Previous studies have tried to identify hotspots for LINE-1 insertion. A study on Hela cells found that there are three hotspots for LINE-1 insertion in chromosomes 1, 5, and 12 [69]. Another study on 202 colorectal cancers has reported that 15 genes from 291 cancer census genes [70] display recurrent insertions [71]. Three of these genes, LDL receptor related protein 1B (LRP1B), Erb-B2 receptor tyrosine kinase 4 (ERBB4), and fragile histidine triad diadenosine triphosphatase (FHIT), are the targets of retrotransposition identified in our study (Figs. 3, 4, 5). Another gene reported by the study on CRC samples was discs large MAGUK scaffold protein 2 (DLG2) which is frequently targeted by retrotransposition [71]. It is interesting that in this study on advanced adenoma samples, we have found retrotransposition of both LINE-1 and SVA elements in all these four genes (Figs. 3 and 5). Three genes of LRP1B, FHIT, and DLG2 belong to a group of 9 genes that have been reported to be the most frequently integrated spots for HPV in cervical carcinomas [72].

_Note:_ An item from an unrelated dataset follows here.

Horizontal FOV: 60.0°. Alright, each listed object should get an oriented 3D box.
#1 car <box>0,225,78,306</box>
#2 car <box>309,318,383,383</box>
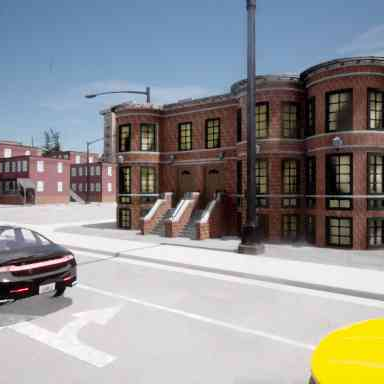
[{"bbox_3d":[-4.569,1.492,7.263,4.902,1.511,2.128,0,0,34],"label":"car"},{"bbox_3d":[3.198,1.478,1.713,5.008,1.535,1.882,0,0,36],"label":"car"}]

Besides the insertional mutagenesis caused by the mobilization of retroelements and the genes that lose their encoding ability, other mechanisms for carcinogenesis of these elements have been postulated. The antisense promoter of human LINE-1 can start the transcription of adjacent genomic sequences generating chimeric RNAs that can perturb transcription of neighboring genes. These chimeric transcripts that have been isolated from breast cancer cell lines and primary tumors and colon cancer cells seem to be unique and of biomarker value for the determination of malignancy [73]. Indeed, the location of insertions being at the promoter, 5′ UTR, exons, introns, 3′ UTR, and transcription termination sequences would be a determining factor. For example, intronic LINE-1 insertion into a regulatory element has increased the expression of the candidate liver oncogene ST18 [74]. Studies have also confirmed that intronic LINE-1 insertions result in decreased expression of the mutated genes [6, 75]. This could theoretically contribute to tumorigenesis by decreasing the expression of tumor suppressor genes. We found that the highest and the second-highest incidence of LINE-1, Alu, and SVA insertions occurred in intergenic and intronic regions (Figs. 3, 4, 5). SVA had the highest percentage of insertions in the transcription termination regions. All three elements showed 3.9–5.1% insertions in promoters. A recent genome-wide study on somatic insertions in 201 samples shows that retrotranspositions are predicted to initiate approximately 1% of CRCs [71]. This study reports that tumors with high retrotransposon activity demonstrate features of MSS and MSI tumors, and insertion count is independently associated with poor disease-specific survival [71].

Conclusions

In summary, we have shown that methylation of CpG islands in the LINE-1 promoter is progressively decreased in each of the three stages of non-advanced adenoma, advanced adenoma, and adenocarcinoma. This stage-to-stage decreased methylation which overlaps onto the course of colorectal cancer was accompanied by a higher level of LINE-1 transcription, suggesting that retrotransposition of LINE-1 and non-autonomous retroelements might be driving cancer. Polymorphic insertions which were found in advanced (high-grade) adenoma, a precancerous stage before colorectal carcinoma, leads us to speculate that the early and advanced polyp stages may host very important pathogenic processes concluding to cancer.